Spring Pests and Your Pet

Spring Pests and Your Pet 

Spring has sprung which means it’s time for walks, hikes and lake time with your favorite furry bestie! It’s also that time of year where all of the bugs are coming back out to join us. Here’s a list of pests to look out for to keep you and your pet safe.


Fleas are both some of the most common pest and also can be the most problematic. If you have never experienced them, feel lucky! Unfortunately, they can be found in almost every area- parks, yards, hiking trails, camp sites. 

Fleas not only bite and irritate your pet's skin- they also can cause anemia and spread tapeworms! They also multiply quickly, so one or two can spread to an infestation within days.

Even with flea treatments, powders, shampoos, and collars- there’s no avoiding them. Make sure you check your pet's fur regularly. Look for consistent itching and “flea dirt” which are small black spots found in the fur, bedding, or furniture. 

If you find them, wash your pet with treated shampoo, wash all bedding and toys, and spray all surfaces. You can also find over the counter oral supplements that can instantly kill the pests. 


Most flea treatments also help prevent ticks- however, if you spend any time outdoors these are still a concern. Most ticks are found in areas near water, heavily wooded areas, tall grass, and prairies.  They may be found in local parks and dog parks as well. 

When removing ticks make sure to remove the entire bug- oftentimes the tick will bury their head in (leaving it in the skin). Leaving any part of the tick in the body can cause lyme disease. There is a fair amount of homeopathic and household tricks that you can use to help get the bug to let go (peroxide, essential oils, etc). Make sure you grab the tick with tweezers and kill it completely, so they don’t bite you as well. 
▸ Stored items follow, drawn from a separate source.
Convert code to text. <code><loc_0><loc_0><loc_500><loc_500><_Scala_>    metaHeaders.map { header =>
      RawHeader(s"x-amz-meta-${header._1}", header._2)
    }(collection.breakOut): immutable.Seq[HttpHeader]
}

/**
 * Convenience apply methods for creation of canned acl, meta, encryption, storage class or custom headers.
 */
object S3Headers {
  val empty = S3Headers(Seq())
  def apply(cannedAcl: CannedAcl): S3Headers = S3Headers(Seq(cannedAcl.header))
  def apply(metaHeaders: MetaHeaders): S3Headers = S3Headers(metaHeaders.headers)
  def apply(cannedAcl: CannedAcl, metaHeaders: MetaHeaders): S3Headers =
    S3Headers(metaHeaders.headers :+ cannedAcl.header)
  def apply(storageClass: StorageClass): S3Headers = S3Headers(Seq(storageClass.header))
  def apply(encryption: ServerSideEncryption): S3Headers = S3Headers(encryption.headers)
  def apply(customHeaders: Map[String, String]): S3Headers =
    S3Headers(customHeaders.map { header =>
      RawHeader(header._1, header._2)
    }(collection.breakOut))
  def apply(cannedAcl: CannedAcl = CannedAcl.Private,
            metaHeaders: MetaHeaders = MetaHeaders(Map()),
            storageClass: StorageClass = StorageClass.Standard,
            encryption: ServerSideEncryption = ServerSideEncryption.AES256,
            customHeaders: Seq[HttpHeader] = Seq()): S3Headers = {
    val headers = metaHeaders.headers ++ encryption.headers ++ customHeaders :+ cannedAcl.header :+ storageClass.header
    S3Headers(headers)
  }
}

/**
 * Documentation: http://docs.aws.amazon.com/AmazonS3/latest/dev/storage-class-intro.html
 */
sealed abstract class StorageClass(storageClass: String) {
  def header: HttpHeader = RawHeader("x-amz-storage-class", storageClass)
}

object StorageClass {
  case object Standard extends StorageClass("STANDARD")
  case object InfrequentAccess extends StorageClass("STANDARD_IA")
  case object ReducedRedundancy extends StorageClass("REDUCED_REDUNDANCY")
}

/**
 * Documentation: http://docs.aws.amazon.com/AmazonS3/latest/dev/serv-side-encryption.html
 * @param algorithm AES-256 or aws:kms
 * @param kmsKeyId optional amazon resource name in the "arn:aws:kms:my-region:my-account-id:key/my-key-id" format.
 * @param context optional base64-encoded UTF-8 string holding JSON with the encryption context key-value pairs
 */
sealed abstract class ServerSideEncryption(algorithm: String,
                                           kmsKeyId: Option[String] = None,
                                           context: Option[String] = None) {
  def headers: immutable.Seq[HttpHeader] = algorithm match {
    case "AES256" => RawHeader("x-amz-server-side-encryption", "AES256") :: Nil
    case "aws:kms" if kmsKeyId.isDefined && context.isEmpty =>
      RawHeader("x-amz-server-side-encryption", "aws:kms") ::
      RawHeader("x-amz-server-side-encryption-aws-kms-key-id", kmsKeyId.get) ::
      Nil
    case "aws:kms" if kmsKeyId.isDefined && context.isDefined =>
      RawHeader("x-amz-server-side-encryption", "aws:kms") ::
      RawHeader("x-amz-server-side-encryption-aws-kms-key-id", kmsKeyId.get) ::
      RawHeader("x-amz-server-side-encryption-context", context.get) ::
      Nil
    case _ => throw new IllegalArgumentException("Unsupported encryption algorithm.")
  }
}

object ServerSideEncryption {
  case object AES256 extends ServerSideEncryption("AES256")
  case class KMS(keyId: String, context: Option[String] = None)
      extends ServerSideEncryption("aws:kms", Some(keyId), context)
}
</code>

Everyone hates mosquitos! Mosquitos aren’t typically as attracted to dogs as, but they aren’t immune either. Unfortunately, there aren’t many safe repellents for your pup! There are some homeopathic methods used to deter mosquitos- and many can cause adverse effects to your dog so please ask your vet before trying sprays or lotions. 

It’s best to avoid infested areas completely with your pet. If they do get bit luckily, they won’t get many of the disease's humans can contract.. If your dog does get bites try an oatmeal bath and if they are really itching they can have a small dose of antihistamines (like Benadryl). (Of course always consult your vet for the correct dosage for your pet.)


Most ants are relatively harmless and don’t bite- Fire ants however, aren’t as kind!

If you live in a region where there are fire ants- be weary and treat areas early. Your pet may stumble over ant hills or ingest some of the ants. Most ant bites can be treated with soothing baths, ice, and antihistamines. 

If your pet begins to swell or have trouble breathing, they could be allergic and may need the help of your vet. 

Bees/ Wasps

April showers bring May flowers and where there are flowers there are bees! Most breeds of dogs leave bees and wasps alone (and vice versa) - but eager dog breeds like to chase them around.

If your pup does happen to get stung most of the time, it’s usually not a big deal. Make sure you remove the stinger and clean the area. Watch for signs of an allergic reaction- they should come on immediately.

If your pet has swelling that doesn’t go down within a day or doubles in size- call your vet. You may have left part of the stinger in there- or it could be infected. 


It’s gardening season- and while spiders are great for your garden, they aren’t so friendly to dogs. This is a common problem for dogs as they often eat them- which typically isn’t so bad, but your pet can also get bit. 

Treat spider bites like you would on yourself. Pay attention to the bite and check it frequently and mark the area to see if it grows. If you notice any major swelling or color change- take your pet to your vet. If you are able to- save the spider in a bag or jar so you can make sure it isn’t poisonous. 

When In Doubt Always Call An Expert

These are only a small handful of pests you can encounter this spring. ! If you aren’t sure what your pet was bit by- call your vet and check. It’s better to be safe than sorry!